Ok, how do {{anagrams:en/adeht}} (death, Death, hated), {{anagrams:en/acef}} (cafe, café, face) and {{anagrams:en/eft}} (eft, EFT, FET) look? Conrad.Irwin 01:06, 4 September 2009 (UTC)[reply]

At fr.wikt, we use a single line when several words are the "same" anagram. An example in fr:écran:

Lmaltier 05:27, 5 September 2009 (UTC)[reply]

I've now done that, the only issue remaining with my implementation (for English anyway) is that it lists theatres of war and theaters of war as anagrams (it excludes theater of war and theatre of war as they are clearly marked as alternatives). I presume this isn't too much of a problem, and the system has the ability to be manually overwritten (using the templates {{include anagram}} and {{exclude anagram}} in the created templates). Any other suggestions? Conrad.Irwin 23:10, 10 September 2009 (UTC)[reply]

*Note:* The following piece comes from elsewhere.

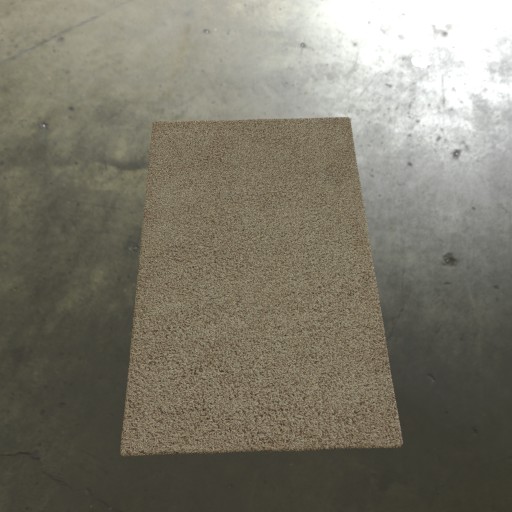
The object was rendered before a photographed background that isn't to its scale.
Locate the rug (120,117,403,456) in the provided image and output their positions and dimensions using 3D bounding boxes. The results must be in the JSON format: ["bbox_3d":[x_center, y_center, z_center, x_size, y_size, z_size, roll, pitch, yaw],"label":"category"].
[{"bbox_3d":[0.000,0.000,3.388,1.778,0.030,2.743,-1,64,-1],"label":"rug"}]

Why considering that theatre and theater are not anagrams (the letters are the same, in a different order)? Is the rule traditional for English anagrams? Lmaltier 21:25, 12 September 2009 (UTC)[reply]

They are anagrams, even though they are different spellings of the same word. I think we should certainly have them listed as such. Equinox ◑ 21:44, 12 September 2009 (UTC)[reply]

Since this is, hopefully, going to be added to the majority of English entries, I'd prefer switching to a horizontal layout. We could use parenthesis to group words differing only by diacritics. So Lmaltier's example would be "* ancre (ancré), caner, carne (carné), cerna, crâne (crâné), ... ". The word left before the parenthesis could be the one that would come first in an alphabetical sort. This would be the form w/o diacritics, if one exists. Is there much support for this? It would eventually take a vote to change the WT:ELE. --Bequw → ¢ • τ 19:03, 12 September 2009 (UTC)[reply]

Ok, I'll just include them then, there are around 75000 templates I could create, so yes they'd be on most entries. The format could be changed to the one you describe just by editing {{anagrams}}. Conrad.Irwin 22:08, 12 September 2009 (UTC)[reply]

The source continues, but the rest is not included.